Pyrolysis is widely used as a waste treatment technology (thermal recycling), which can be an alternative to disposal in landfills. To investigate the applicability of pyrolysis of plastic solid waste (PSW) to recovery energy from plastic solid waste (PSW), the pyrolysis of PSW was performed in a thermogravimetric analyzer under an inert condition. The PSW samples were heated under dynamic conditions from 25 °C to 1000 °C at four low heating rates (5, 10, 20, and 30 °C min−1). The decomposition behavior of pseudo-components was characterized by the deconvolution method using the asymmetric double sigmoidal function (Asym2Sig), and the data obtained were used to determine the kinetic parameters. The kinetic parameters were evaluated by isoconversional methods, the compensation effect factor and master plot.

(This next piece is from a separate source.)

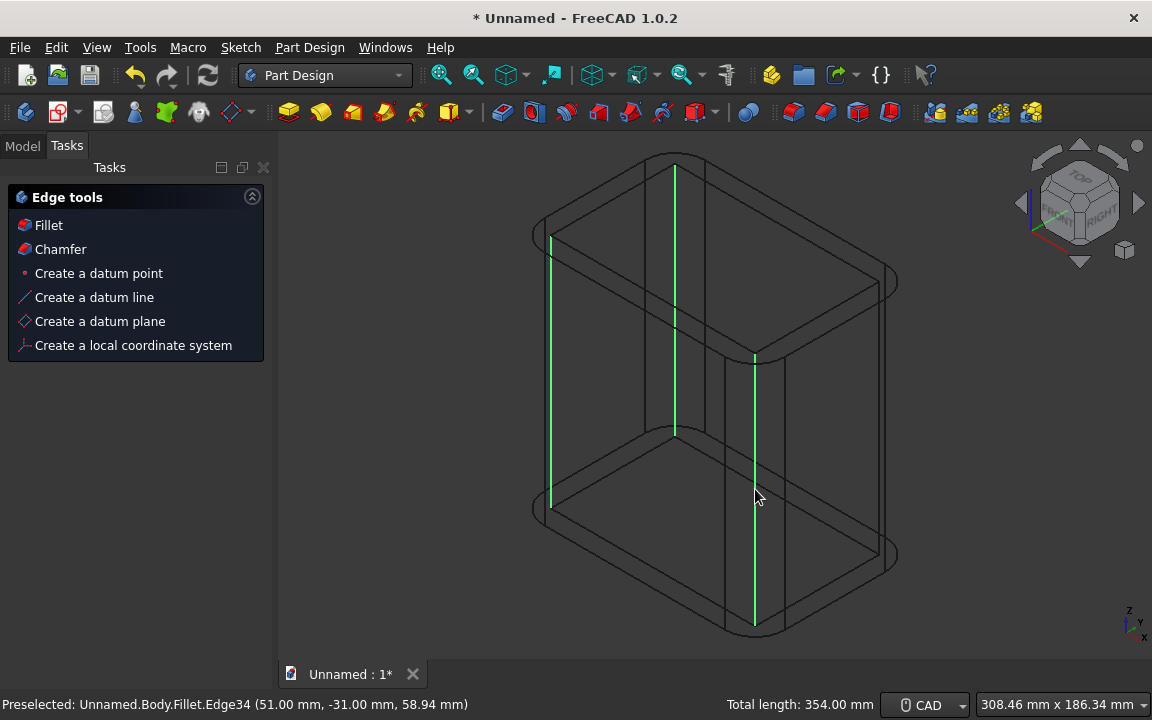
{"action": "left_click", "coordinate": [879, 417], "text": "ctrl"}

The thermodynamic parameters (ΔG, ΔH and ΔS) and lifetime were estimated based on the thermogravimetric and kinetic data. In addition, a fixed-bed reactor and GC–MS were employed to identify some valuable products in pyrolytic oil. Three pseudo-components were identified, which had the main influence on pyrolytic performance. The kinetic parameters suggested the suitability of PSW pyrolysis, where the reaction models were found to be suitable for describing the thermal behavior of PSW pyrolysis. The simulation profile curves from the simplified kinetic expression based on the kinetic triplet and deconvolution results had a satisfactory agreement with experimental conversion curves. The thermodynamic parameters were consistent with other wastes used as a bioenergy feedstock. Plastic solid waste presents attractive characteristics for pyrolytic oil production. The main highlights achieved for this study indicate that the pyrolysis of plastic solid waste can be an important step for the development of a recycling system that can recover energy from these wastes in a clean and environmentally friendly process.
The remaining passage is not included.